Exercise: Please restate, word for word, the lines below that begin at the one with "text Sub b: [248, 953, 1152, 978]" and end at the one with "text Voorwaarde binnen". Leave out all other lines.

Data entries

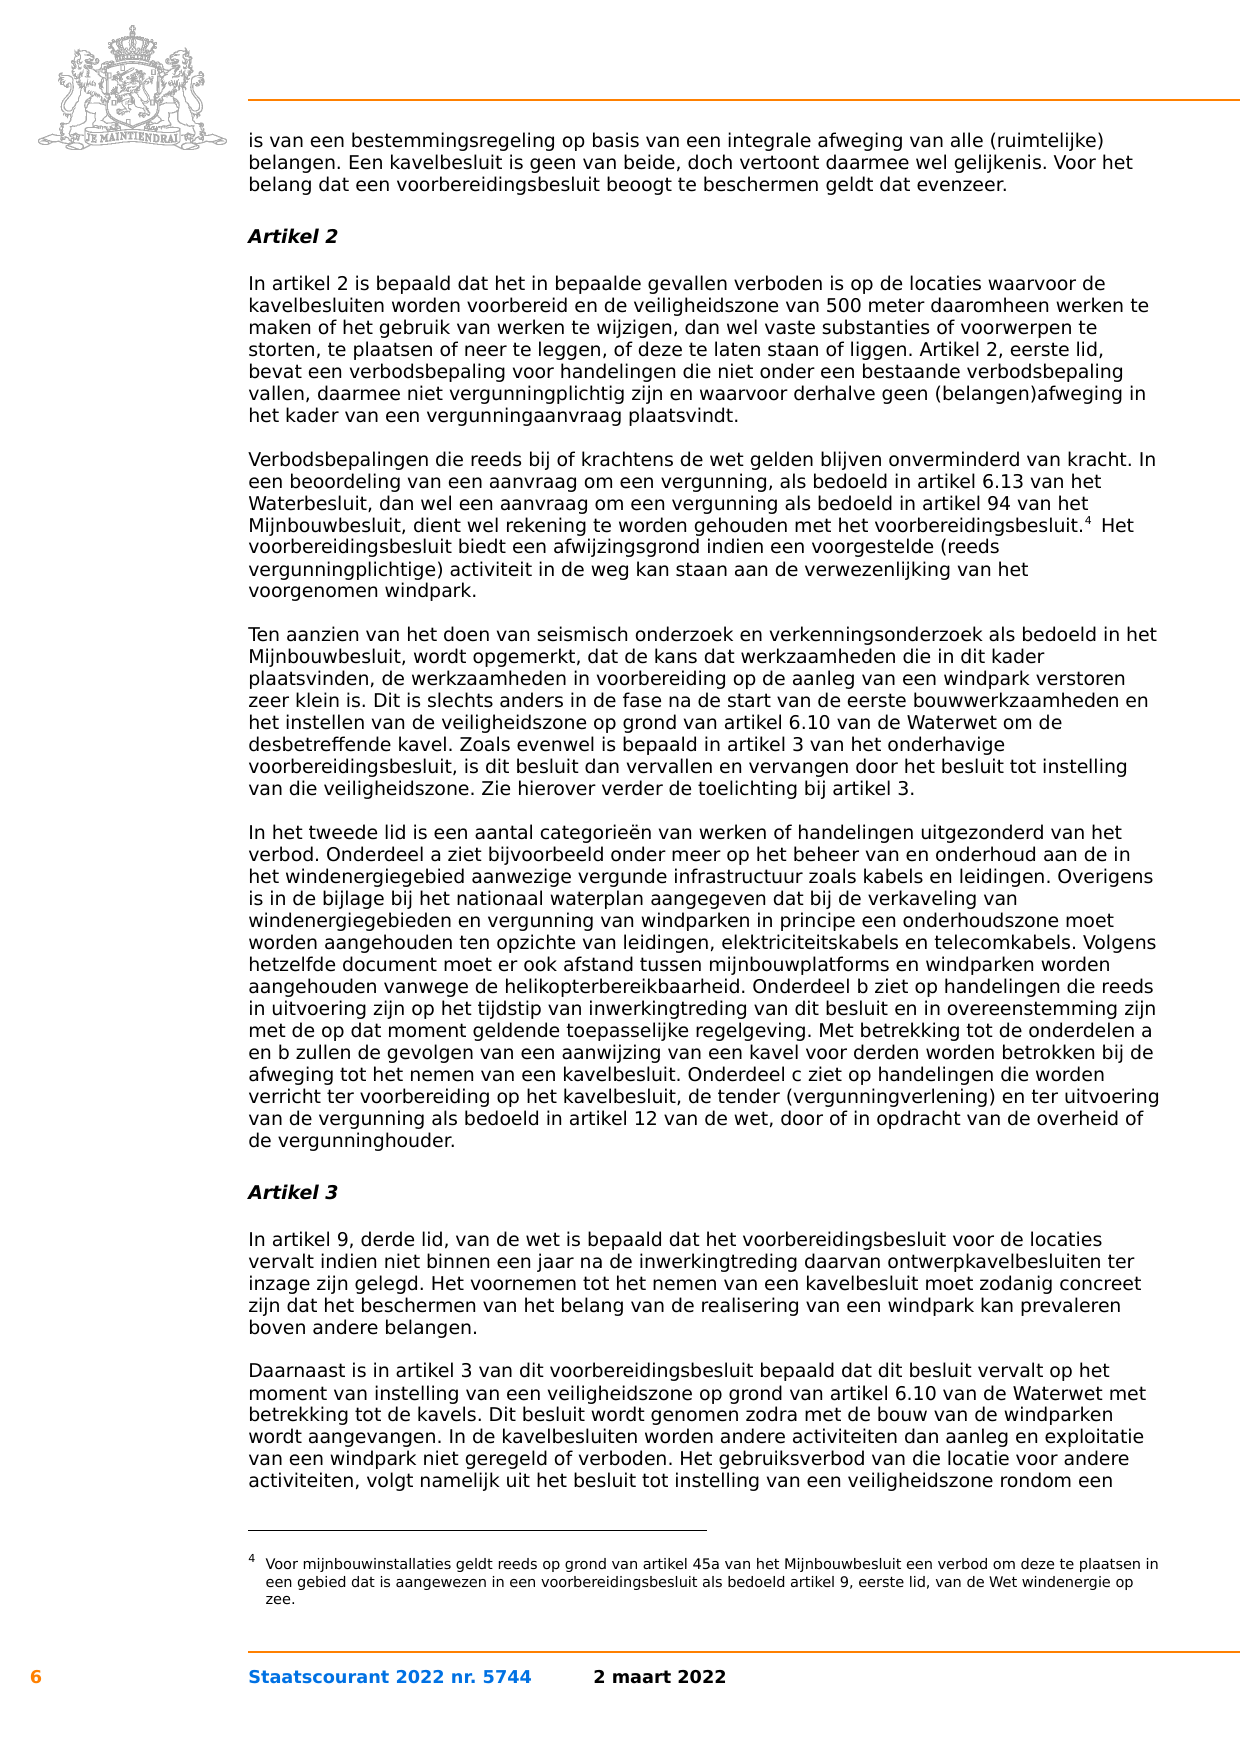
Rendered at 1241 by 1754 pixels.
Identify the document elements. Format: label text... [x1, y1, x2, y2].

text In het tweede lid is een aantal categorieën van werken of handelingen uitgezonderd van het verbod. Onderdeel a ziet bijvoorbeeld onder meer op het beheer van en onderhoud aan de in het windenergiegebied aanwezige vergunde infrastructuur zoals kabels en leidingen. Overigens is in de bijlage bij het nationaal waterplan aangegeven dat bij de verkaveling van windenergiegebieden en vergunning van windparken in principe een onderhoudszone moet worden aangehouden ten opzichte van leidingen, elektriciteitskabels en telecomkabels. Volgens hetzelfde document moet er ook afstand tussen mijnbouwplatforms en windparken worden aangehouden vanwege de helikopterbereikbaarheid. Onderdeel b ziet op handelingen die reeds in uitvoering zijn op het tijdstip van inwerkingtreding van dit besluit en in overeenstemming zijn met de op dat moment geldende toepasselijke regelgeving. Met betrekking tot de onderdelen a en b zullen de gevolgen van een aanwijzing van een kavel voor derden worden betrokken bij de afweging tot het nemen van een kavelbesluit. Onderdeel c ziet op handelingen die worden verricht ter voorbereiding op het kavelbesluit, de tender (vergunningverlening) en ter uitvoering van de vergunning als bedoeld in artikel 12 van de wet, door of in opdracht van de overheid of de vergunninghouder. [248, 822, 1163, 1152]
picture [38, 25, 227, 150]
text In artikel 9, derde lid, van de wet is bepaald dat het voorbereidingsbesluit voor de locaties vervalt indien niet binnen een jaar na de inwerkingtreding daarvan ontwerpkavelbesluiten ter inzage zijn gelegd. Het voornemen tot het nemen van een kavelbesluit moet zodanig concreet zijn dat het beschermen van het belang van de realisering van een windpark kan prevaleren boven andere belangen. [248, 1229, 1163, 1338]
text Verbodsbepalingen die reeds bij of krachtens de wet gelden blijven onverminderd van kracht. In een beoordeling van een aanvraag om een vergunning, als bedoeld in artikel 6.13 van het Waterbesluit, dan wel een aanvraag om een vergunning als bedoeld in artikel 94 van het Mijnbouwbesluit, dient wel rekening te worden gehouden met het voorbereidingsbesluit. Het voorbereidingsbesluit biedt een afwijzingsgrond indien een voorgestelde (reeds vergunningplichtige) activiteit in de weg kan staan aan de verwezenlijking van het voorgenomen windpark. [248, 448, 1163, 602]
subtitle Artikel 3 [248, 1182, 1163, 1204]
subtitle Artikel 2 [248, 226, 1163, 248]
text Voor mijnbouwinstallaties geldt reeds op grond van artikel 45a van het Mijnbouwbesluit een verbod om deze te plaatsen in een gebied dat is aangewezen in een voorbereidingsbesluit als bedoeld artikel 9, eerste lid, van de Wet windenergie op zee. [248, 1552, 1163, 1608]
text is van een bestemmingsregeling op basis van een integrale afweging van alle (ruimtelijke) belangen. Een kavelbesluit is geen van beide, doch vertoont daarmee wel gelijkenis. Voor het belang dat een voorbereidingsbesluit beoogt te beschermen geldt dat evenzeer. [248, 130, 1163, 196]
text In artikel 2 is bepaald dat het in bepaalde gevallen verboden is op de locaties waarvoor de kavelbesluiten worden voorbereid en de veiligheidszone van 500 meter daaromheen werken te maken of het gebruik van werken te wijzigen, dan wel vaste substanties of voorwerpen te storten, te plaatsen of neer te leggen, of deze te laten staan of liggen. Artikel 2, eerste lid, bevat een verbodsbepaling voor handelingen die niet onder een bestaande verbodsbepaling vallen, daarmee niet vergunningplichtig zijn en waarvoor derhalve geen (belangen)afweging in het kader van een vergunningaanvraag plaatsvindt. [248, 273, 1163, 427]
text Ten aanzien van het doen van seismisch onderzoek en verkenningsonderzoek als bedoeld in het Mijnbouwbesluit, wordt opgemerkt, dat de kans dat werkzaamheden die in dit kader plaatsvinden, de werkzaamheden in voorbereiding op de aanleg van een windpark verstoren zeer klein is. Dit is slechts anders in de fase na de start van de eerste bouwwerkzaamheden en het instellen van de veiligheidszone op grond van artikel 6.10 van de Waterwet om de desbetreffende kavel. Zoals evenwel is bepaald in artikel 3 van het onderhavige voorbereidingsbesluit, is dit besluit dan vervallen en vervangen door het besluit tot instelling van die veiligheidszone. Zie hierover verder de toelichting bij artikel 3. [248, 624, 1163, 800]
text Daarnaast is in artikel 3 van dit voorbereidingsbesluit bepaald dat dit besluit vervalt op het moment van instelling van een veiligheidszone op grond van artikel 6.10 van de Waterwet met betrekking tot de kavels. Dit besluit wordt genomen zodra met de bouw van de windparken wordt aangevangen. In de kavelbesluiten worden andere activiteiten dan aanleg en exploitatie van een windpark niet geregeld of verboden. Het gebruiksverbod van die locatie voor andere activiteiten, volgt namelijk uit het besluit tot instelling van een veiligheidszone rondom een [248, 1360, 1163, 1492]
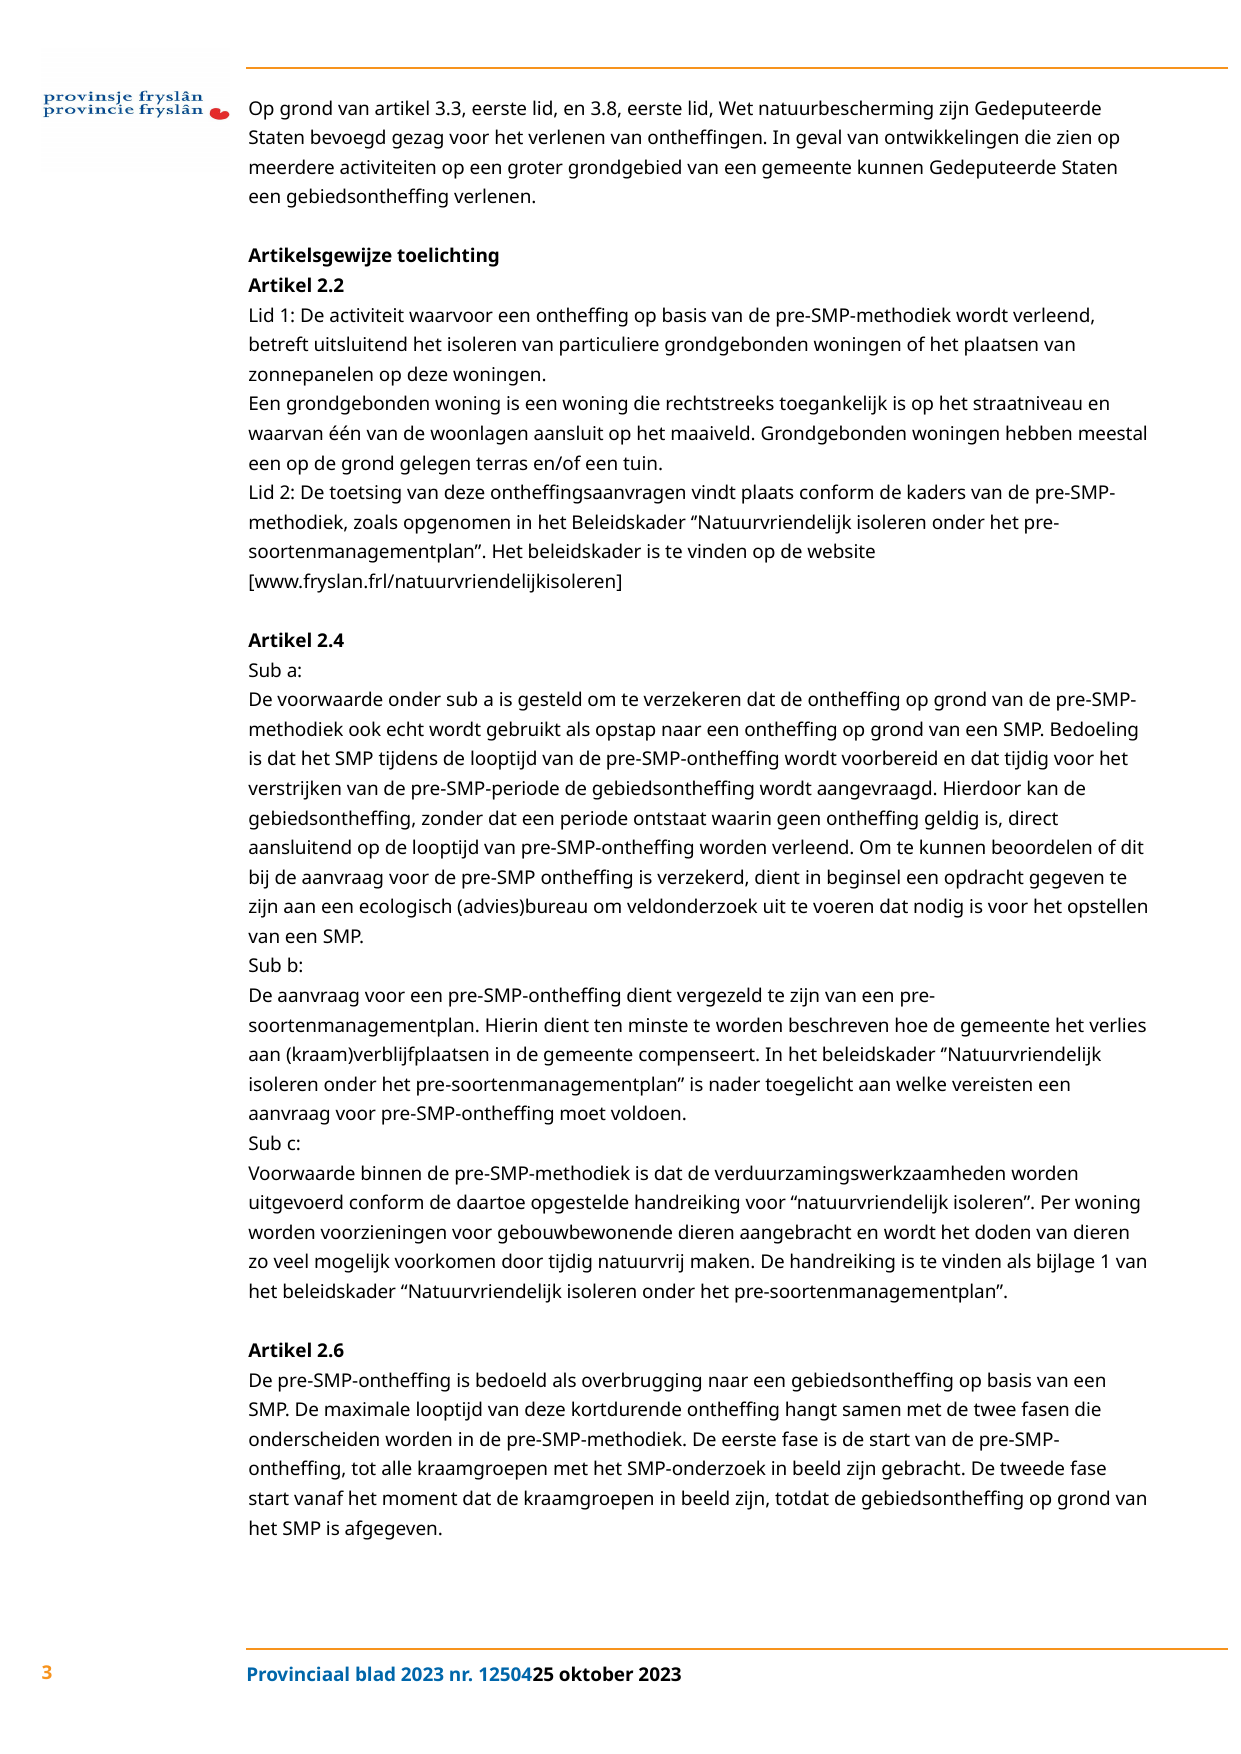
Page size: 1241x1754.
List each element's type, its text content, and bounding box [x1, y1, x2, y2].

text Artikel 2.4 [248, 627, 1152, 653]
text Een grondgebonden woning is een woning die rechtstreeks toegankelijk is op het straatniveau en waarvan één van de woonlagen aansluit op het maaiveld. Grondgebonden woningen hebben meestal een op de grond gelegen terras en/of een tuin. [248, 391, 1152, 476]
text Artikelsgewijze toelichting [248, 243, 1152, 268]
text Lid 2: De toetsing van deze ontheffingsaanvragen vindt plaats conform de kaders van de pre-SMP-methodiek, zoals opgenomen in het Beleidskader ‘’Natuurvriendelijk isoleren onder het pre-soortenmanagementplan”. Het beleidskader is te vinden op de website [www.fryslan.frl/natuurvriendelijkisoleren] [248, 479, 1152, 594]
text Sub b: [248, 953, 1152, 978]
text Lid 1: De activiteit waarvoor een ontheffing op basis van de pre-SMP-methodiek wordt verleend, betreft uitsluitend het isoleren van particuliere grondgebonden woningen of het plaatsen van zonnepanelen op deze woningen. [248, 302, 1152, 387]
text Voorwaarde binnen de pre-SMP-methodiek is dat de verduurzamingswerkzaamheden worden uitgevoerd conform de daartoe opgestelde handreiking voor “natuurvriendelijk isoleren”. Per woning worden voorzieningen voor gebouwbewonende dieren aangebracht en wordt het doden van dieren zo veel mogelijk voorkomen door tijdig natuurvrij maken. De handreiking is te vinden als bijlage 1 van het beleidskader “Natuurvriendelijk isoleren onder het pre-soortenmanagementplan”. [248, 1160, 1152, 1304]
text De voorwaarde onder sub a is gesteld om te verzekeren dat de ontheffing op grond van de pre-SMP-methodiek ook echt wordt gebruikt als opstap naar een ontheffing op grond van een SMP. Bedoeling is dat het SMP tijdens de looptijd van de pre-SMP-ontheffing wordt voorbereid en dat tijdig voor het verstrijken van de pre-SMP-periode de gebiedsontheffing wordt aangevraagd. Hierdoor kan de gebiedsontheffing, zonder dat een periode ontstaat waarin geen ontheffing geldig is, direct aansluitend op de looptijd van pre-SMP-ontheffing worden verleend. Om te kunnen beoordelen of dit bij de aanvraag voor de pre-SMP ontheffing is verzekerd, dient in beginsel een opdracht gegeven te zijn aan een ecologisch (advies)bureau om veldonderzoek uit te voeren dat nodig is voor het opstellen van een SMP. [248, 686, 1152, 949]
text Artikel 2.6 [248, 1337, 1152, 1363]
text Op grond van artikel 3.3, eerste lid, en 3.8, eerste lid, Wet natuurbescherming zijn Gedeputeerde Staten bevoegd gezag voor het verlenen van ontheffingen. In geval van ontwikkelingen die zien op meerdere activiteiten op een groter grondgebied van een gemeente kunnen Gedeputeerde Staten een gebiedsontheffing verlenen. [248, 95, 1152, 209]
text Sub a: [248, 657, 1152, 683]
text Sub c: [248, 1130, 1152, 1156]
text De pre-SMP-ontheffing is bedoeld als overbrugging naar een gebiedsontheffing op basis van een SMP. De maximale looptijd van deze kortdurende ontheffing hangt samen met de twee fasen die onderscheiden worden in de pre-SMP-methodiek. De eerste fase is de start van de pre-SMP-ontheffing, tot alle kraamgroepen met het SMP-onderzoek in beeld zijn gebracht. De tweede fase start vanaf het moment dat de kraamgroepen in beeld zijn, totdat de gebiedsontheffing op grond van het SMP is afgegeven. [248, 1367, 1152, 1541]
picture [41, 47, 231, 172]
text De aanvraag voor een pre-SMP-ontheffing dient vergezeld te zijn van een pre-soortenmanagementplan. Hierin dient ten minste te worden beschreven hoe de gemeente het verlies aan (kraam)verblijfplaatsen in de gemeente compenseert. In het beleidskader ‘’Natuurvriendelijk isoleren onder het pre-soortenmanagementplan” is nader toegelicht aan welke vereisten een aanvraag voor pre-SMP-ontheffing moet voldoen. [248, 982, 1152, 1126]
text Artikel 2.2 [248, 272, 1152, 298]

Solved exercise:
text Sub b: [248, 953, 1152, 978]
text Lid 1: De activiteit waarvoor een ontheffing op basis van de pre-SMP-methodiek wordt verleend, betreft uitsluitend het isoleren van particuliere grondgebonden woningen of het plaatsen van zonnepanelen op deze woningen. [248, 302, 1152, 387]
text Voorwaarde binnen de pre-SMP-methodiek is dat de verduurzamingswerkzaamheden worden uitgevoerd conform de daartoe opgestelde handreiking voor “natuurvriendelijk isoleren”. Per woning worden voorzieningen voor gebouwbewonende dieren aangebracht en wordt het doden van dieren zo veel mogelijk voorkomen door tijdig natuurvrij maken. De handreiking is te vinden als bijlage 1 van het beleidskader “Natuurvriendelijk isoleren onder het pre-soortenmanagementplan”. [248, 1160, 1152, 1304]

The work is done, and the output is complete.